_DATA PROVIDED_.
- Opening Delimiter -
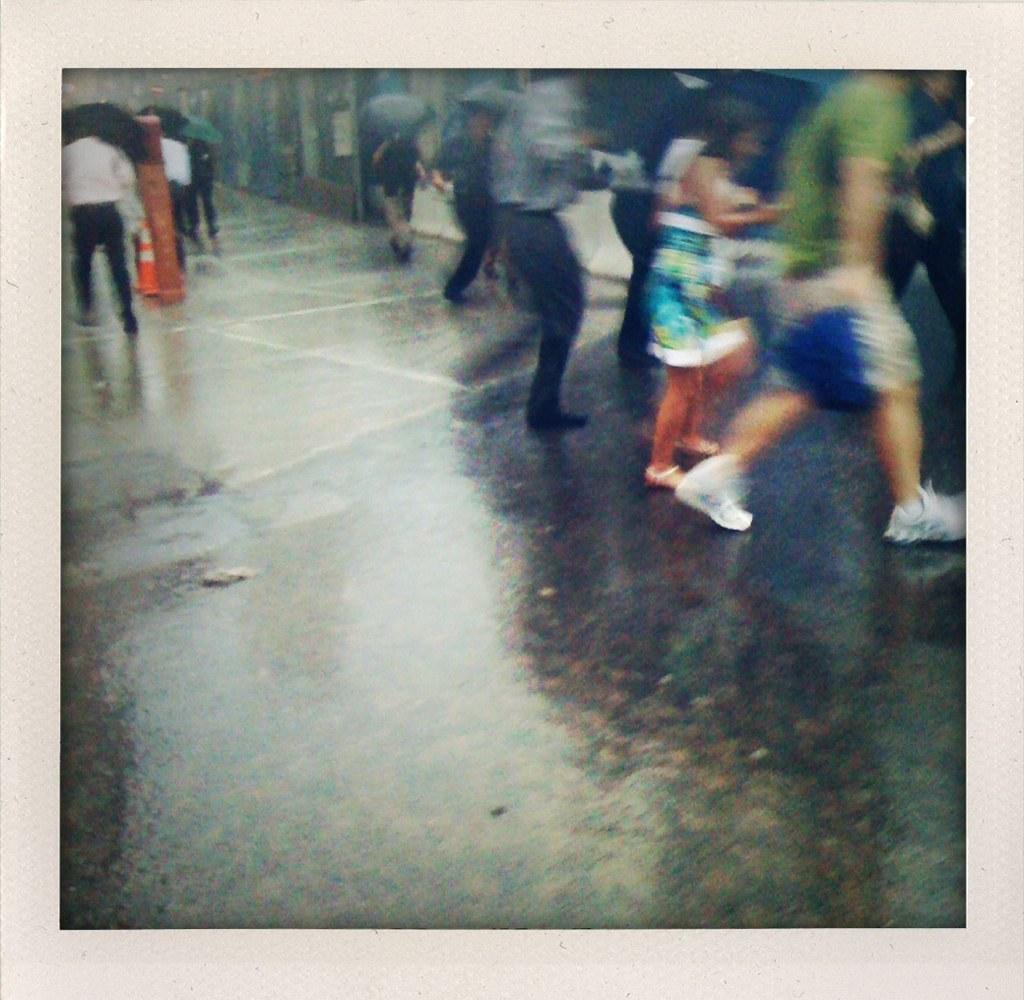Can you describe this image briefly? In this image, we can see people on the road and are holding umbrellas and we can see a pole and a traffic cone. In the background, there is a wall. 
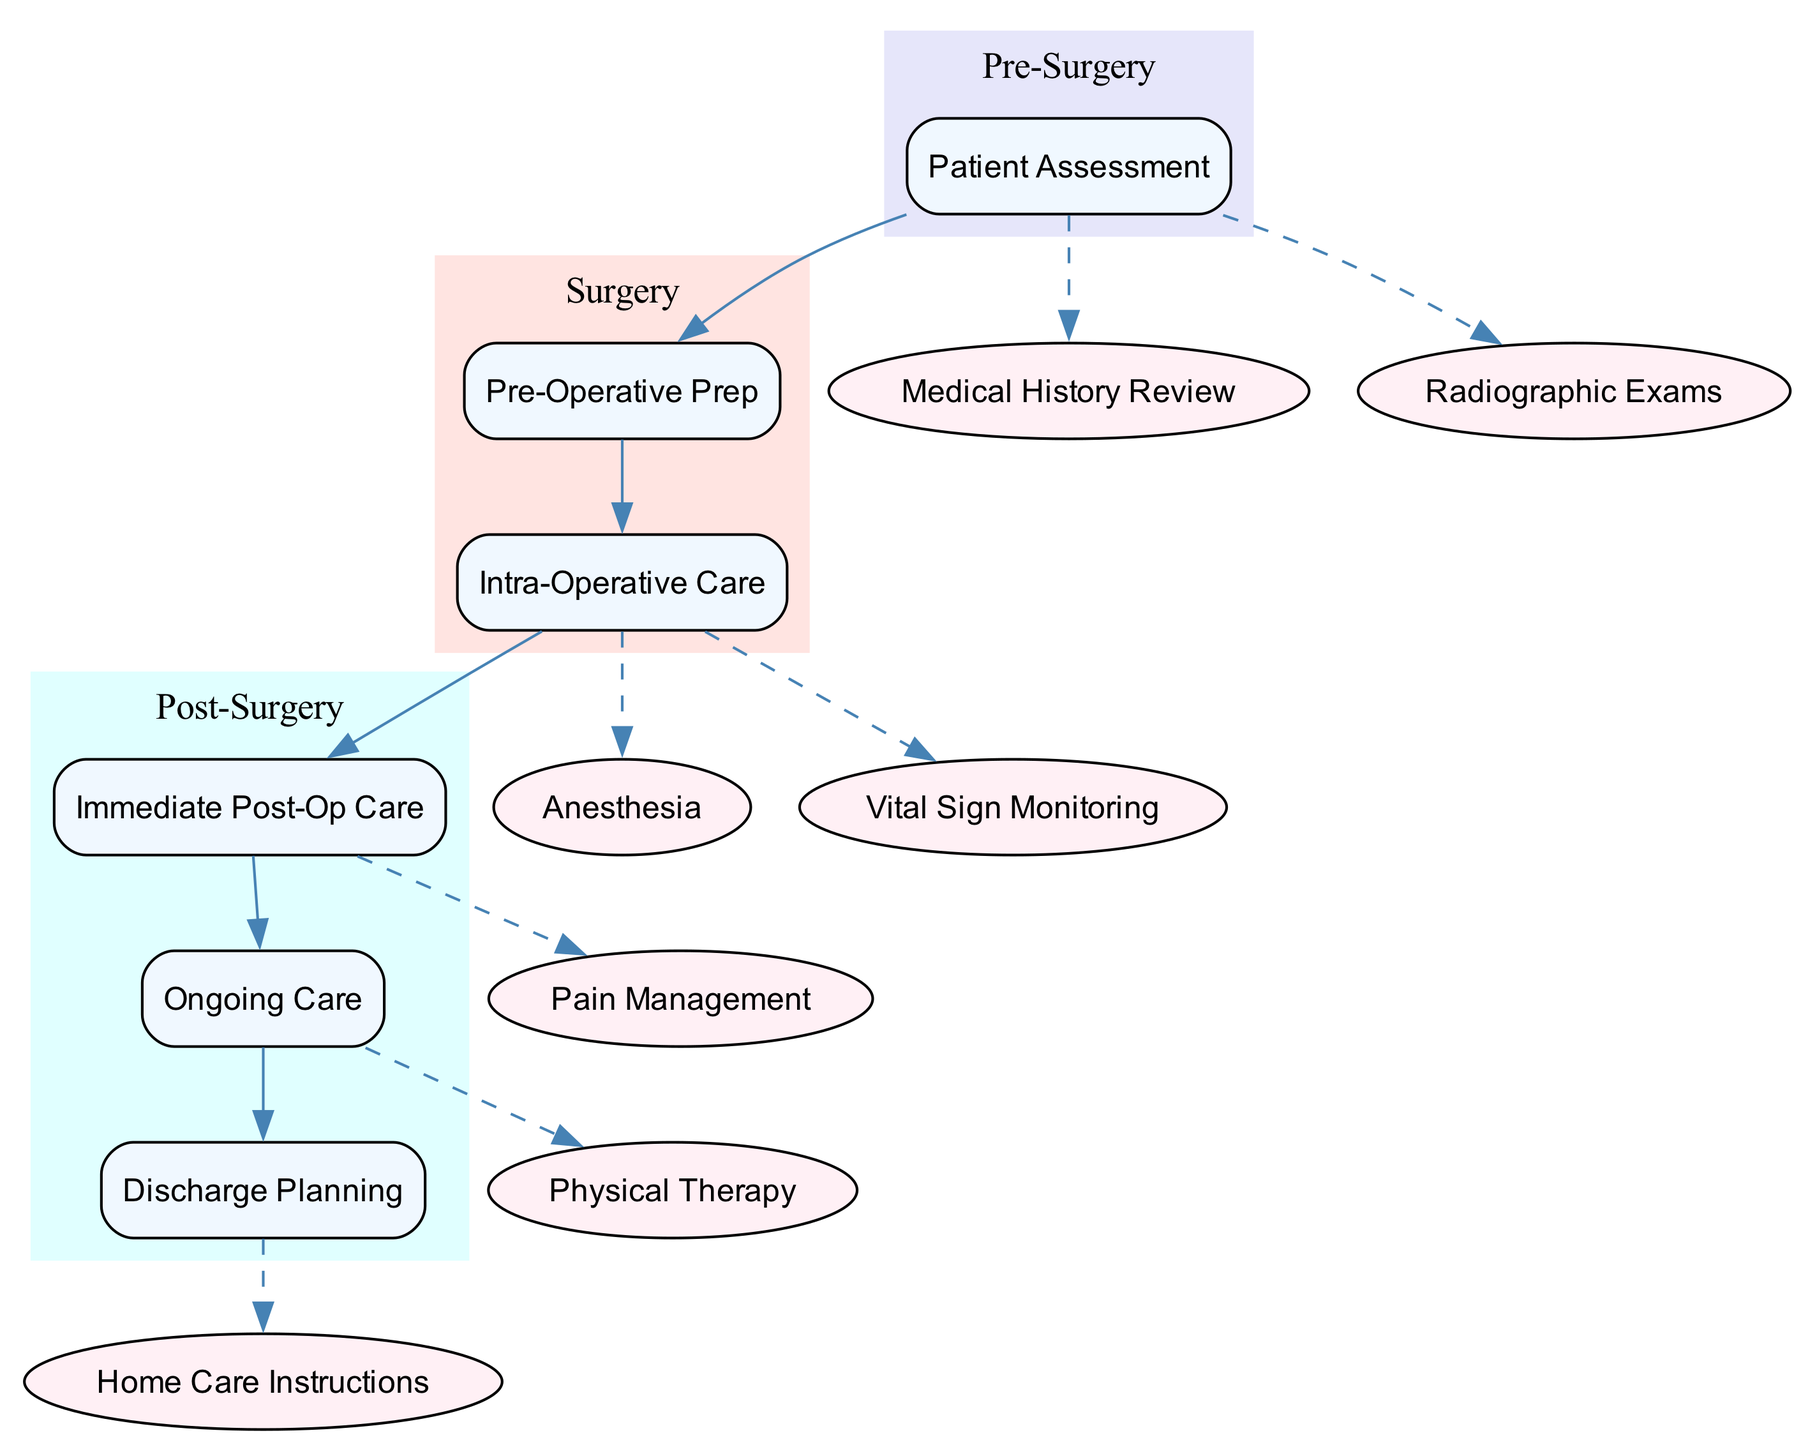What are the two main categories of care in the post-surgery phase? In the post-surgery phase, there are two main categories of care: immediate post-operative care and ongoing care. These are clearly separated in the diagram under the "Post-Surgery" section.
Answer: immediate post-operative care, ongoing care How many subprocesses are included in the patient assessment phase? The patient assessment phase contains five subprocesses: medical history review, radiographic exams, laboratory tests, patient education, and informed consent. Counting these subprocesses shows there are five distinct elements.
Answer: 5 What follows the intra-operative care stage in the diagram? After the intra-operative care stage, the diagram clearly connects to the immediate post-operative care stage, indicating it is the subsequent step in the clinical pathway.
Answer: immediate post-operative care Which specific type of monitoring occurs during the intra-operative care? The intra-operative care section mentions vital sign monitoring as the type of monitoring, indicated as a subprocess connected with a dashed line.
Answer: Vital sign monitoring What is required before surgery according to the diagram? The pre-operative preparation stage specifies several requirements before surgery, including fasting guidelines, pre-medications, and assessment checks, which collectively are critical preparatory steps.
Answer: fasting guidelines, pre-medications, assessment checks Which part of the post-surgery phase contains instructions on home care? The discharge planning section under post-surgery includes home care instructions as a subprocess, highlighting the necessary follow-up care to be provided to the patient going home.
Answer: Home care instructions What should be monitored immediately after surgery? The immediate post-operative care section indicates vital signs, consciousness level, and pain management as critical parameters to be monitored right after surgery, ensuring patient stability.
Answer: Vital signs, consciousness level, pain management
- Closing Delimiter -
_WHAT TO PRODUCE_. All lines in the listing above from the line containing "Answer: immediate post-operative care, ongoing" to the line containing "Answer: 5 What", inclusive, should be retyped exactly; no other lines should appear.

_YOUR RESPONSE_.
Answer: immediate post-operative care, ongoing care How many subprocesses are included in the patient assessment phase? The patient assessment phase contains five subprocesses: medical history review, radiographic exams, laboratory tests, patient education, and informed consent. Counting these subprocesses shows there are five distinct elements.
Answer: 5 What follows the intra-operative care stage in the diagram? After the intra-operative care stage, the diagram clearly connects to the immediate post-operative care stage, indicating it is the subsequent step in the clinical pathway.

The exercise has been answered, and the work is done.